Nine Premier League clubs are in the Money League top 20: Tottenham (9th), Chelsea (10th), Aston Villa (14th), Newcastle (17th) and West Ham (20th).
Top-ranked women’s football club earns more than €150 million in revenue for the first time
Now in its fourth year, the Deloitte Football Money League highlights the top 15 earning women’s clubs in the world. In another record year, these clubs reported average revenues of over €10m (approx. £840m) for the first time, with cumulative revenues of €158m (approx. £132.72m), a 35% increase on last year’s total.

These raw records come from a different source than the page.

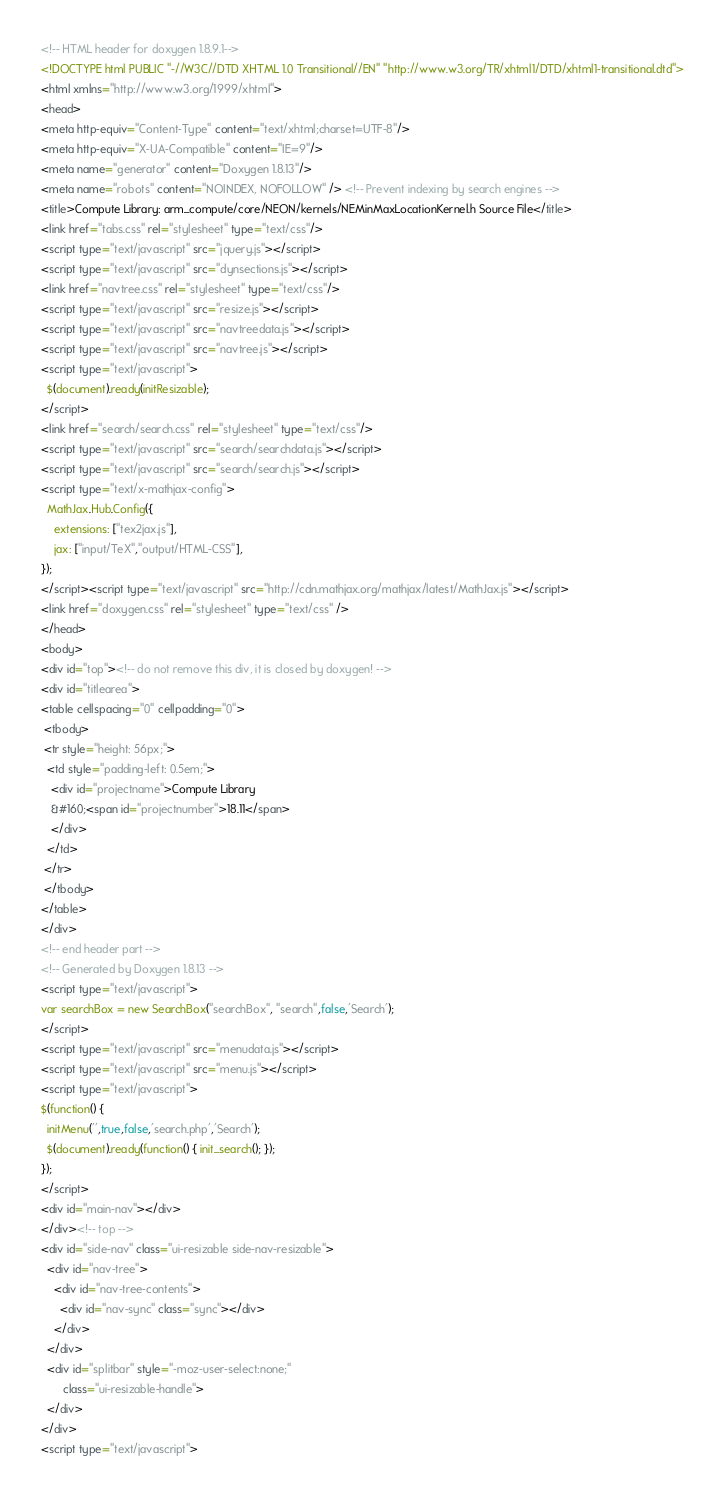<code> <loc_0><loc_0><loc_500><loc_500><_HTML_><!-- HTML header for doxygen 1.8.9.1-->
<!DOCTYPE html PUBLIC "-//W3C//DTD XHTML 1.0 Transitional//EN" "http://www.w3.org/TR/xhtml1/DTD/xhtml1-transitional.dtd">
<html xmlns="http://www.w3.org/1999/xhtml">
<head>
<meta http-equiv="Content-Type" content="text/xhtml;charset=UTF-8"/>
<meta http-equiv="X-UA-Compatible" content="IE=9"/>
<meta name="generator" content="Doxygen 1.8.13"/>
<meta name="robots" content="NOINDEX, NOFOLLOW" /> <!-- Prevent indexing by search engines -->
<title>Compute Library: arm_compute/core/NEON/kernels/NEMinMaxLocationKernel.h Source File</title>
<link href="tabs.css" rel="stylesheet" type="text/css"/>
<script type="text/javascript" src="jquery.js"></script>
<script type="text/javascript" src="dynsections.js"></script>
<link href="navtree.css" rel="stylesheet" type="text/css"/>
<script type="text/javascript" src="resize.js"></script>
<script type="text/javascript" src="navtreedata.js"></script>
<script type="text/javascript" src="navtree.js"></script>
<script type="text/javascript">
  $(document).ready(initResizable);
</script>
<link href="search/search.css" rel="stylesheet" type="text/css"/>
<script type="text/javascript" src="search/searchdata.js"></script>
<script type="text/javascript" src="search/search.js"></script>
<script type="text/x-mathjax-config">
  MathJax.Hub.Config({
    extensions: ["tex2jax.js"],
    jax: ["input/TeX","output/HTML-CSS"],
});
</script><script type="text/javascript" src="http://cdn.mathjax.org/mathjax/latest/MathJax.js"></script>
<link href="doxygen.css" rel="stylesheet" type="text/css" />
</head>
<body>
<div id="top"><!-- do not remove this div, it is closed by doxygen! -->
<div id="titlearea">
<table cellspacing="0" cellpadding="0">
 <tbody>
 <tr style="height: 56px;">
  <td style="padding-left: 0.5em;">
   <div id="projectname">Compute Library
   &#160;<span id="projectnumber">18.11</span>
   </div>
  </td>
 </tr>
 </tbody>
</table>
</div>
<!-- end header part -->
<!-- Generated by Doxygen 1.8.13 -->
<script type="text/javascript">
var searchBox = new SearchBox("searchBox", "search",false,'Search');
</script>
<script type="text/javascript" src="menudata.js"></script>
<script type="text/javascript" src="menu.js"></script>
<script type="text/javascript">
$(function() {
  initMenu('',true,false,'search.php','Search');
  $(document).ready(function() { init_search(); });
});
</script>
<div id="main-nav"></div>
</div><!-- top -->
<div id="side-nav" class="ui-resizable side-nav-resizable">
  <div id="nav-tree">
    <div id="nav-tree-contents">
      <div id="nav-sync" class="sync"></div>
    </div>
  </div>
  <div id="splitbar" style="-moz-user-select:none;" 
       class="ui-resizable-handle">
  </div>
</div>
<script type="text/javascript"></code> 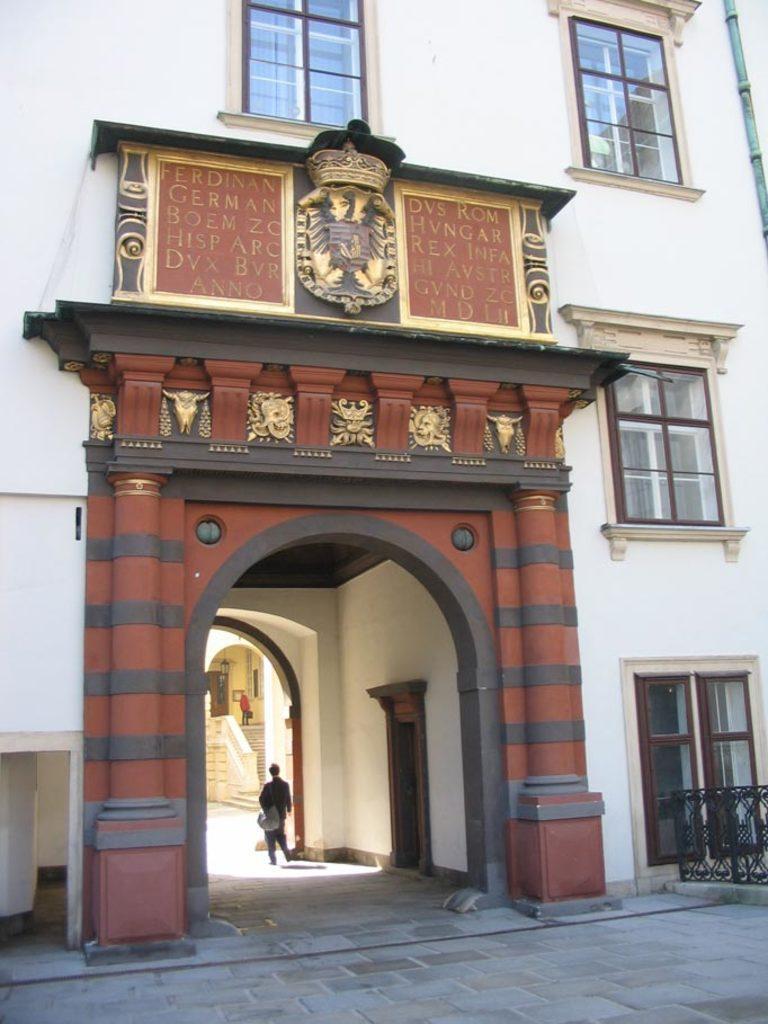Describe this image in one or two sentences. In this image we can see a building, boards, windows, doors, and two people. 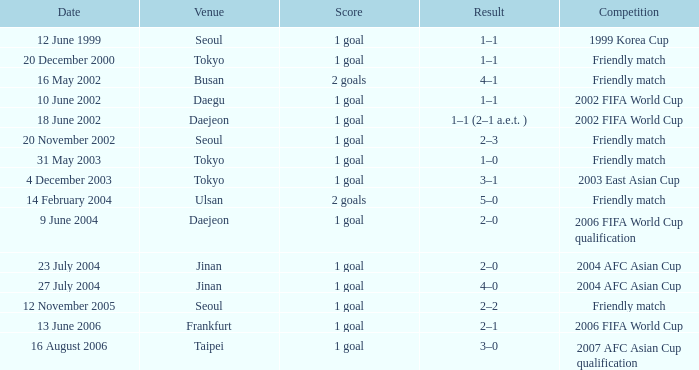What is the venue of the game on 20 November 2002? Seoul. 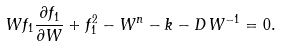Convert formula to latex. <formula><loc_0><loc_0><loc_500><loc_500>W f _ { 1 } \frac { \partial f _ { 1 } } { \partial W } + f _ { 1 } ^ { 2 } - W ^ { n } - k - D \, W ^ { - 1 } = 0 .</formula> 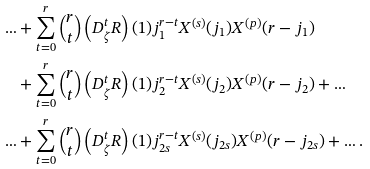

This year, Arsenal Women dethroned FC Barcelona Femeni for the first time, coming out on top with a turnover of €25.6m (about £21.5m), an increase of 43% on the previous season. Significant investment in fan data and activation has enabled us to achieve attendance figures of over 35,000 on five separate occasions throughout the 2024/25 season.
Chelsea Women rank a close second (£21.3m) and generate the highest commercial revenue (£16m) of the top 15. FC Barcelona Femeni (£18.5m) continued their good form in the domestic season and finished in the top three.
Jennifer Haskell, Knowledge and Insights Lead, Deloitte Sports Business Group, said: “While there has been significant growth in women’s soccer in recent years, the transition from start-up to establishment requires consistent time, investment and effort to develop the foundation in the right way.”
“As we face further milestones, including new and expanded competitions on the biggest stages, industry leaders must continue to innovate while protecting the wants and needs of fans and players to foster a more sustainable future for gaming.”